In defence, the wide men would simply join up with the middle and created two lines of four in defence and midfield. This allows for compact defensive play, along with the ability to counter-press and attack with pace, utlising options on either side of the midfield. This system was favourable for PSG in their Champions League adventures of 2019-20, where they lost 1-0 in the final to Bayern Munich in an otherwise tight game.

Had PSG won that game and clinched the Champions League for the first time in their history, Tuchel would have won the quintuple. In the 19-20 season, Tuchel oversaw a season of domestic dominance in Paris, winning the Ligue 1 Title, French Cup, French League Cup and the French Super Cup for a successive season.

Having openly criticised recruitment within the club, and often not getting the players he had targeted, relationships between the German and the club broke down. This led to his sacking in December 2020, Mauricio Pochettino his successor.

Thomas Tuchel’s Paris Saint-Germain Record:

95 Wins, 13 Draws, 19 Defeats.

Win Percentage – 75.6%

Connections with current Chelsea players:

The common parallel to be drawn between Tuchel and Chelsea is that he will get the best out of Timo Werner and Kai Havertz, which is likely to be the case. However, there are more links to Tuchel than just the two Chelsea new-boys.

The aforementioned Christan Pulisic was a big part of Dortmund’s success under Tuchel, and you’d have to assume that he will feature heavily under the new regime at Chelsea. The American international was excellent last season, scoring 11 goals and bagging 10 assists in 34 games in all competitions. This season, he is yet to reach anywhere near this level of performance, but the arrival of his former boss could reignite the spark in Chelsea that is Christian Pulisic.

Thiago Silva was also one of Tuchel’s former players at PSG. However, recent claims in the media by the Brazilian centre-back that Tuchel’s PSG sacking was ‘predictable’, and contract talks with Silva souring towards the end of his tenure in Paris, could potentially leave an awkwardness between the two. As Chelsea’s most experienced defender, Silva has become somewhat of a stalwart for The Blues. This isn’t likely to change, but it’ll be interesting to see how the relationship unfolds between Tuchel and Silva as they reunite.

Although not former players under Tuchel, Antonio Rudiger and Jorginho were widely known as PSG targets when Tuchel was in charge.
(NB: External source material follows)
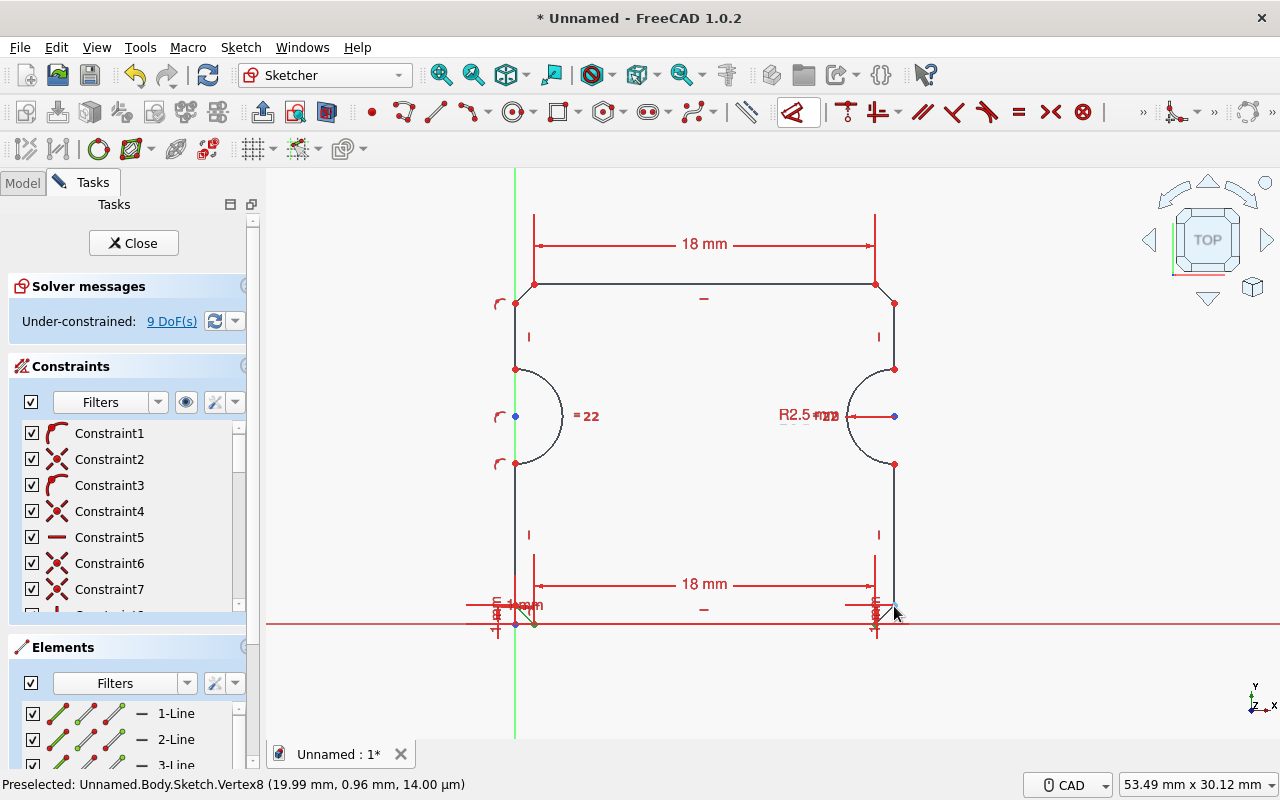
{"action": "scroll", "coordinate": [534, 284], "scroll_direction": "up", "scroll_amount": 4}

The German and Italian internationalists are likely to be in Tuchel’s plans going forward.

Final Verdict:

In my opinion, Thomas Tuchel is the right man for the job at the moment. He fits the category in which Chelsea are looking to play, he has former experience with current Chelsea players and has a proven track record of winning trophies, and very recently at that.

His desire to play attacking football from his managerial beginnings at Mainz 05, to his free-flowing, goal-scoring Borussia Dortmund, and his relentless Paris Saint-Germain. With the players that Chelsea have at their disposal, and with a bit of defensive tweaking, it should work for the German and for Chelsea.